_Problem_
Print nothing but the lines below starting at the line that holds "#14 forklift (1033,0,1790,607)" and ending at the line that holds "#20 cardboard box (0,684,149,1014)", including both, each exactly as written.

_Information provided_
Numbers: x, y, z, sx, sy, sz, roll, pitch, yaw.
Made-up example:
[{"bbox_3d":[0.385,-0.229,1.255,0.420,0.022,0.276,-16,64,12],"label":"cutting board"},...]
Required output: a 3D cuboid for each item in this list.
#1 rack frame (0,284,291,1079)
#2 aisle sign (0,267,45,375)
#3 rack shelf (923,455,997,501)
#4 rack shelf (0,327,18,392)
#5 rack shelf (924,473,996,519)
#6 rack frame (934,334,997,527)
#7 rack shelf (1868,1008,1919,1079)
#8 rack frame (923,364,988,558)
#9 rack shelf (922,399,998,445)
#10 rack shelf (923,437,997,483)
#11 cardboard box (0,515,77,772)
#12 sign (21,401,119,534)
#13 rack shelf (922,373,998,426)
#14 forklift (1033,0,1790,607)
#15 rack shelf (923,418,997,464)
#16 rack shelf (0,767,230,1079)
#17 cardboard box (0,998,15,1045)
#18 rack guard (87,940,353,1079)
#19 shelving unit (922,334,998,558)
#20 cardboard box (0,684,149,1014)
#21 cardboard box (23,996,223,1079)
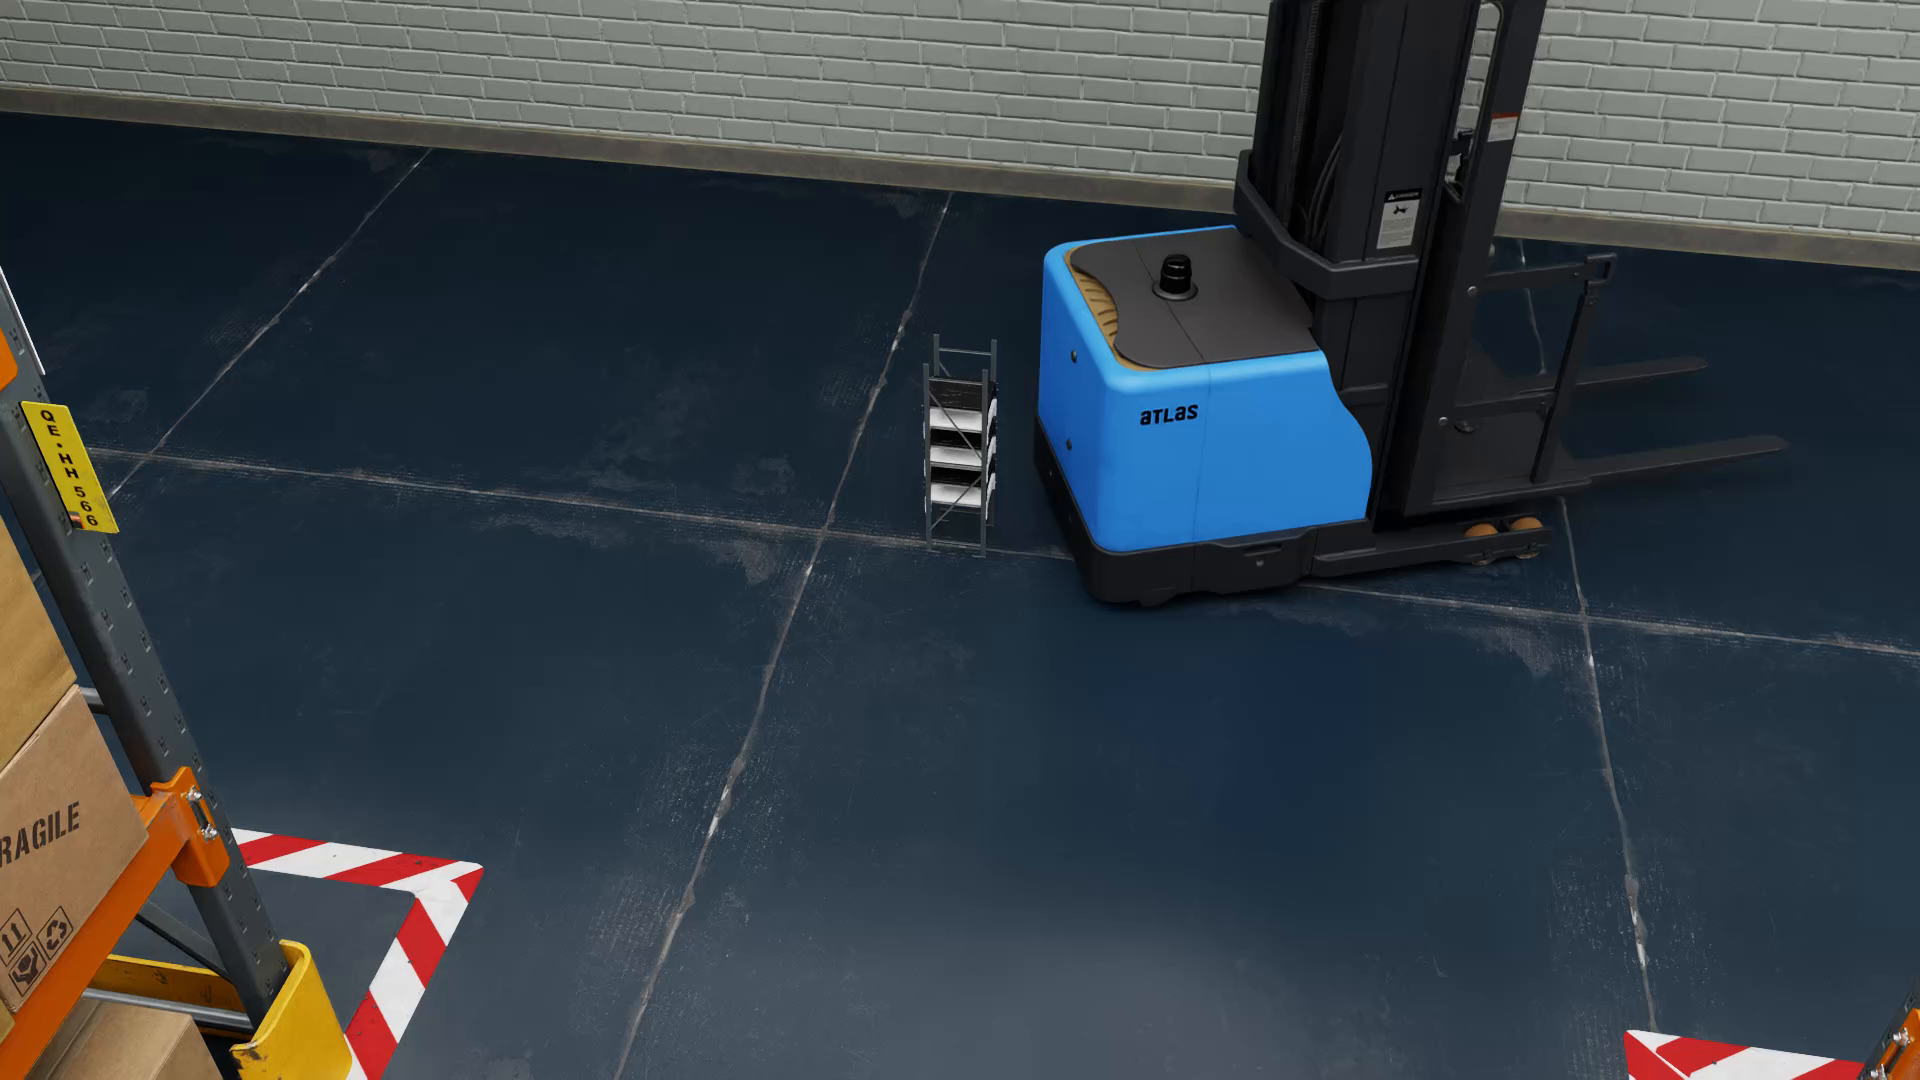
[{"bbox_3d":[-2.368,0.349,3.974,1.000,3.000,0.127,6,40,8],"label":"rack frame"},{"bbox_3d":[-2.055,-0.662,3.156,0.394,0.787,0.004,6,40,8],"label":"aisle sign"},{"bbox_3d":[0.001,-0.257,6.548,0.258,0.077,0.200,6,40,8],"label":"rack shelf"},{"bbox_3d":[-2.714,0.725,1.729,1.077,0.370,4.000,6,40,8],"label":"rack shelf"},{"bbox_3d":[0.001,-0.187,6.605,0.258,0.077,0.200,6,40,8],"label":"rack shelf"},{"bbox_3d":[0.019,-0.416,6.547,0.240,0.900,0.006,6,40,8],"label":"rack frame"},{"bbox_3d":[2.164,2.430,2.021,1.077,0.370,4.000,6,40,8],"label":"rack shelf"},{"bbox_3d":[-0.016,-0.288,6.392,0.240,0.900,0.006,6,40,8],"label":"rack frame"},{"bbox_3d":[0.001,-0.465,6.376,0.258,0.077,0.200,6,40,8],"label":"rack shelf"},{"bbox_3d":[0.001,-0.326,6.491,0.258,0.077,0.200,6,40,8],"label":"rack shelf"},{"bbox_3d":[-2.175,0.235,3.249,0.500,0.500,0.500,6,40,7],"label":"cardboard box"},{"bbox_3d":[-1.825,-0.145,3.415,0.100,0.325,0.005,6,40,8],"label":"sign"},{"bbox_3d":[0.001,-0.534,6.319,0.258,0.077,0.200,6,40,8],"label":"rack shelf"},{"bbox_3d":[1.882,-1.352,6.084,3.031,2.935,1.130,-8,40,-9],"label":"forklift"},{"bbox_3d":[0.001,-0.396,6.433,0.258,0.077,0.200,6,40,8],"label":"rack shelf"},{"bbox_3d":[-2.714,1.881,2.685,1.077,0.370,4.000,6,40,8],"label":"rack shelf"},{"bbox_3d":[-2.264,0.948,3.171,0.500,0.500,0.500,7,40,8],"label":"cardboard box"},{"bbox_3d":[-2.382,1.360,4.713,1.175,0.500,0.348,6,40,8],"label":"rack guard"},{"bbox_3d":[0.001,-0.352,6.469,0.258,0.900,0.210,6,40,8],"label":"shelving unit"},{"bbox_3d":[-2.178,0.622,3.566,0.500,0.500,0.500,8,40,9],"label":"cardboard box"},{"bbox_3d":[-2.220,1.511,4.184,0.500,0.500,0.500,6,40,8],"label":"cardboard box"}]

_Result of this exercise_
#14 forklift (1033,0,1790,607)
#15 rack shelf (923,418,997,464)
#16 rack shelf (0,767,230,1079)
#17 cardboard box (0,998,15,1045)
#18 rack guard (87,940,353,1079)
#19 shelving unit (922,334,998,558)
#20 cardboard box (0,684,149,1014)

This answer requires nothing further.